Recorded data
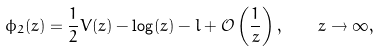<formula> <loc_0><loc_0><loc_500><loc_500>\phi _ { 2 } ( z ) = \frac { 1 } { 2 } V ( z ) - \log ( z ) - l + \mathcal { O } \left ( \frac { 1 } { z } \right ) , \quad z \to \infty ,</formula> 
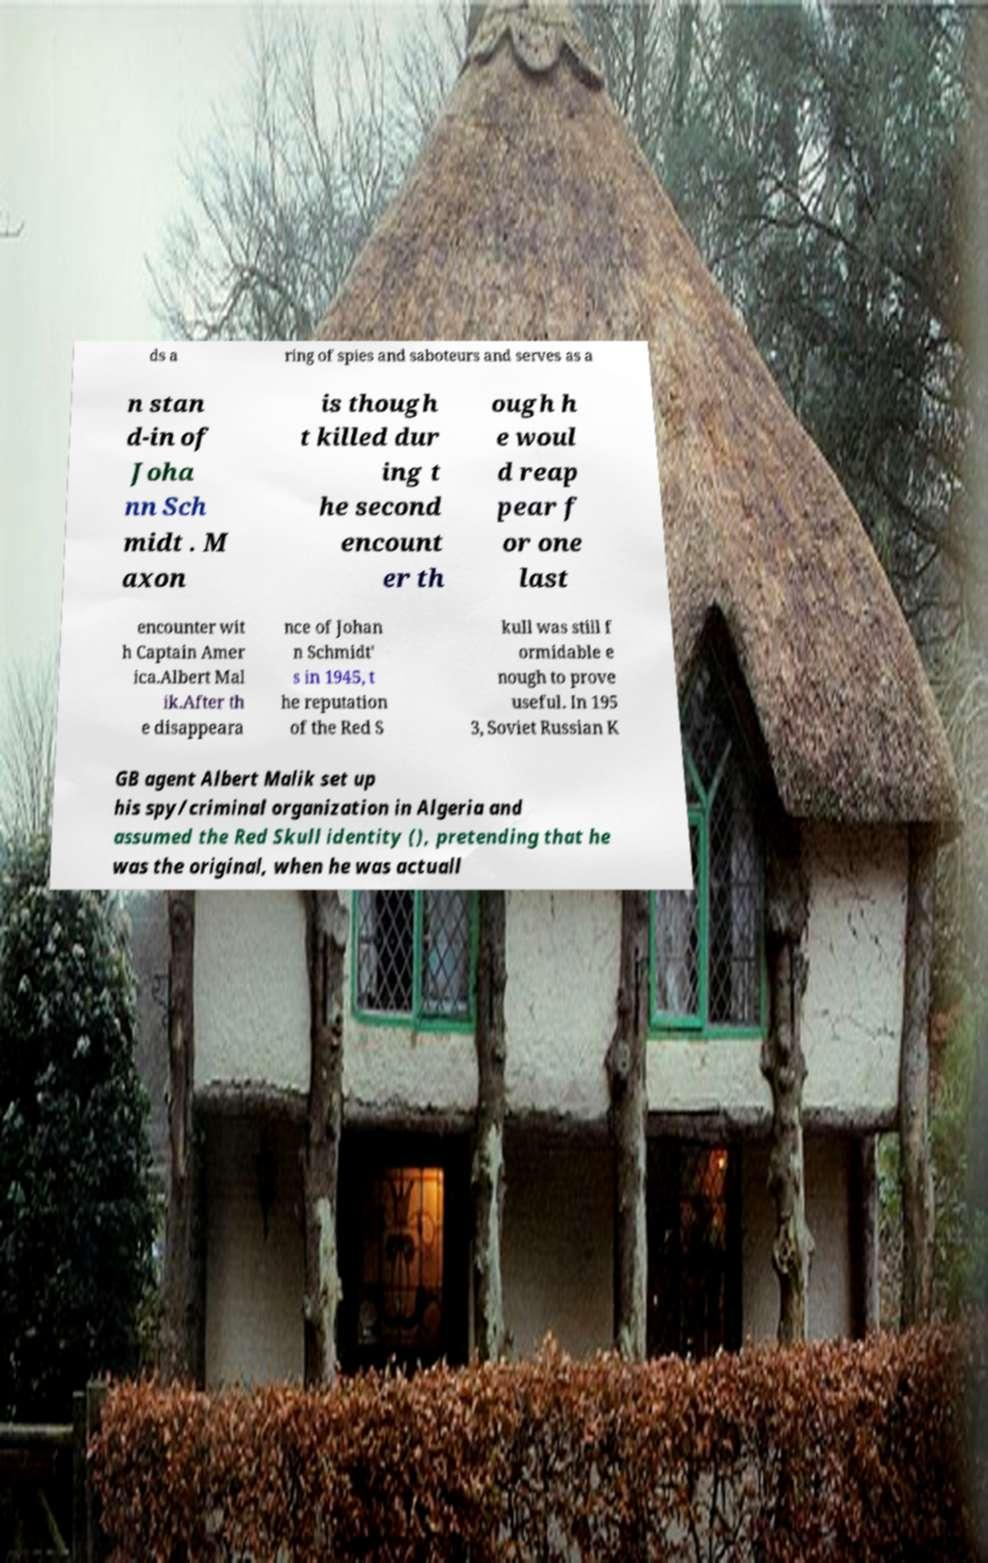Can you accurately transcribe the text from the provided image for me? ds a ring of spies and saboteurs and serves as a n stan d-in of Joha nn Sch midt . M axon is though t killed dur ing t he second encount er th ough h e woul d reap pear f or one last encounter wit h Captain Amer ica.Albert Mal ik.After th e disappeara nce of Johan n Schmidt' s in 1945, t he reputation of the Red S kull was still f ormidable e nough to prove useful. In 195 3, Soviet Russian K GB agent Albert Malik set up his spy/criminal organization in Algeria and assumed the Red Skull identity (), pretending that he was the original, when he was actuall 
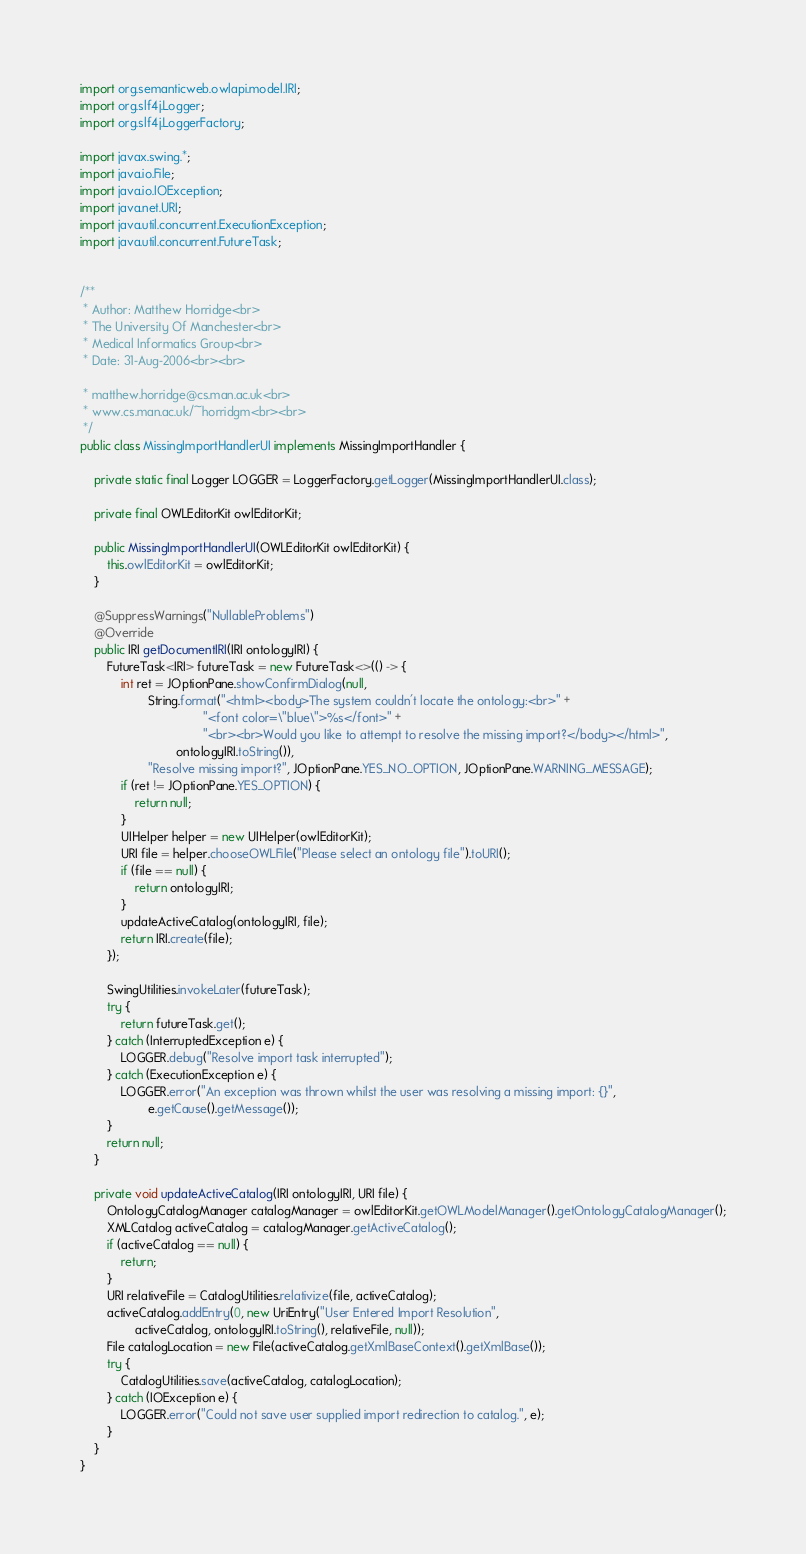<code> <loc_0><loc_0><loc_500><loc_500><_Java_>import org.semanticweb.owlapi.model.IRI;
import org.slf4j.Logger;
import org.slf4j.LoggerFactory;

import javax.swing.*;
import java.io.File;
import java.io.IOException;
import java.net.URI;
import java.util.concurrent.ExecutionException;
import java.util.concurrent.FutureTask;


/**
 * Author: Matthew Horridge<br>
 * The University Of Manchester<br>
 * Medical Informatics Group<br>
 * Date: 31-Aug-2006<br><br>

 * matthew.horridge@cs.man.ac.uk<br>
 * www.cs.man.ac.uk/~horridgm<br><br>
 */
public class MissingImportHandlerUI implements MissingImportHandler {

    private static final Logger LOGGER = LoggerFactory.getLogger(MissingImportHandlerUI.class);

    private final OWLEditorKit owlEditorKit;

    public MissingImportHandlerUI(OWLEditorKit owlEditorKit) {
        this.owlEditorKit = owlEditorKit;
    }

    @SuppressWarnings("NullableProblems")
    @Override
    public IRI getDocumentIRI(IRI ontologyIRI) {
        FutureTask<IRI> futureTask = new FutureTask<>(() -> {
            int ret = JOptionPane.showConfirmDialog(null,
                    String.format("<html><body>The system couldn't locate the ontology:<br>" +
                                    "<font color=\"blue\">%s</font>" +
                                    "<br><br>Would you like to attempt to resolve the missing import?</body></html>",
                            ontologyIRI.toString()),
                    "Resolve missing import?", JOptionPane.YES_NO_OPTION, JOptionPane.WARNING_MESSAGE);
            if (ret != JOptionPane.YES_OPTION) {
                return null;
            }
            UIHelper helper = new UIHelper(owlEditorKit);
            URI file = helper.chooseOWLFile("Please select an ontology file").toURI();
            if (file == null) {
                return ontologyIRI;
            }
            updateActiveCatalog(ontologyIRI, file);
            return IRI.create(file);
        });

        SwingUtilities.invokeLater(futureTask);
        try {
            return futureTask.get();
        } catch (InterruptedException e) {
            LOGGER.debug("Resolve import task interrupted");
        } catch (ExecutionException e) {
            LOGGER.error("An exception was thrown whilst the user was resolving a missing import: {}",
                    e.getCause().getMessage());
        }
        return null;
    }

    private void updateActiveCatalog(IRI ontologyIRI, URI file) {
        OntologyCatalogManager catalogManager = owlEditorKit.getOWLModelManager().getOntologyCatalogManager();
        XMLCatalog activeCatalog = catalogManager.getActiveCatalog();
        if (activeCatalog == null) {
            return;
        }
        URI relativeFile = CatalogUtilities.relativize(file, activeCatalog);
        activeCatalog.addEntry(0, new UriEntry("User Entered Import Resolution",
                activeCatalog, ontologyIRI.toString(), relativeFile, null));
        File catalogLocation = new File(activeCatalog.getXmlBaseContext().getXmlBase());
        try {
            CatalogUtilities.save(activeCatalog, catalogLocation);
        } catch (IOException e) {
            LOGGER.error("Could not save user supplied import redirection to catalog.", e);
        }
    }
}

</code>

#### [Task statement]
Report all lines in the records that include the string "relativeFile".

#### [Final answer]
        URI relativeFile = CatalogUtilities.relativize(file, activeCatalog);
                activeCatalog, ontologyIRI.toString(), relativeFile, null));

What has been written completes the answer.